Üç katlı Ali Emri İlköğretim Okulu’nun en üst katında, duvarlarında “ibbinee”, “memo’yi sikeyim” türünden samimi iltifatları barındıran uzun beyaz koridorun en sonunda, kapısında “7-L” yazan sınıfın öğretmen masasının hemen önündeki sırada Tuba adında bir kız vardı. Tuba’nın beş sıra arkasında da askılığa asılmış onca montun arasında boğulmakta olan ben vardım. Benim yanındaysa yavşak Anıl vardı. Anıl’ın bilekleri çok inceydi. Kayışını son deliğe kadar sıkmasına rağmen kolundan sarkan “casio” marka, doğum günü hediyesi bir saat kullanıyordu. Hesap makineli olanlardandı. Matematik yazılılarında çok işine yarıyordu yavşağın. Ve Anıl uzun burunluydu. Zayıflığı ve uzun burnuyla piyanistteki Adrien Brody’i andırıyordu. Tabi ben o zamanlar bu aktörü tanımıyordum. Ve bu yavşak Anıl en önde oturan Tuba’yı bana kaşıyla gözüyle işaret edip kafasını sallıyordu. Kafasını sallarken de o iğrenç geniş ağzıyla pis pis gülümsüyordu.

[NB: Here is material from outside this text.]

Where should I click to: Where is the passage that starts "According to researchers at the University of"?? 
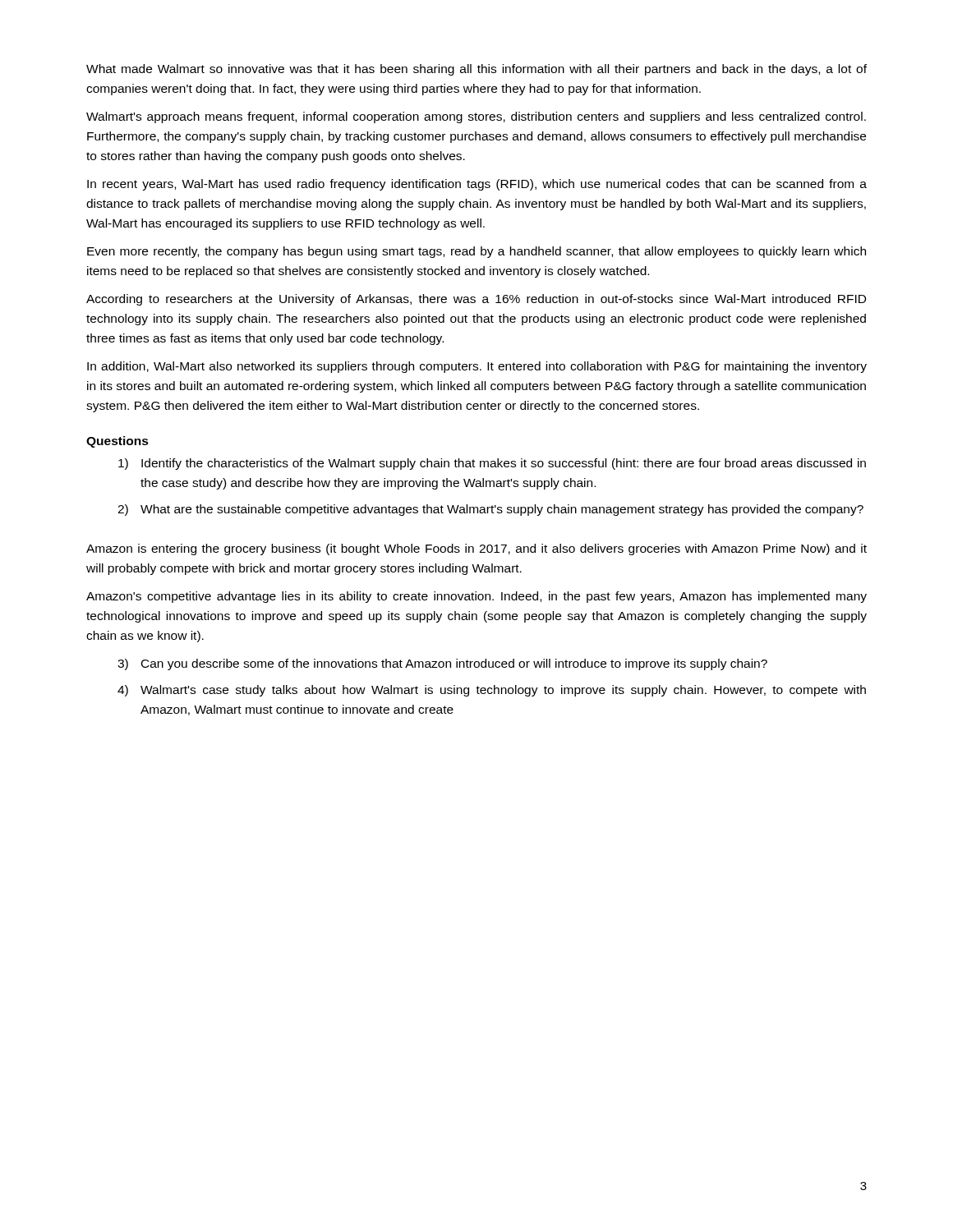476,318

Bir ara Tuba’ya aşık olmaya çalışmıştım. Tuba güzel kızdı harbiden. Kısa saçlı ve beyaz tenliydi. Pamuk gibi yanakları vardı. Gerçi ben hiç dokunamadım, ama öyle görünüyordu. Benden önce sınıftaki erkeklerin neredeyse yarısının Tuba’ya aşık olduğunu öğrenmiştim sonra. Vazgeçmiştim aşık olmaktan. Hem bana göre değildi o kız. Kim olduğunu tam olarak hatırlamıyorum ama biri Tuba’nın orospu olduğunu söylemişti bana. Liseye giden bir sürü sevgilisi varmış, hepsiyle sikişiyormuş falan. Bunları da sanki gözleriyle görmüş gibi, biraz zorlasaymış kendisi de sikebilecekmiş gibi anlatıyordu bana. O andan itibaren Tuba’ya karşı bakışım değişmişti. Düşüncelerim alt üst olmuştu. O güzel kızın liseli basketçilerin altına yatması beni üzmüştü bir yerde. Ama olan da olmuştu. Sinirleniyordum. Karşısına dikilip “tuba, seni küçük orospu!” demek istiyordum ona, “herkese var da bana yok mu?”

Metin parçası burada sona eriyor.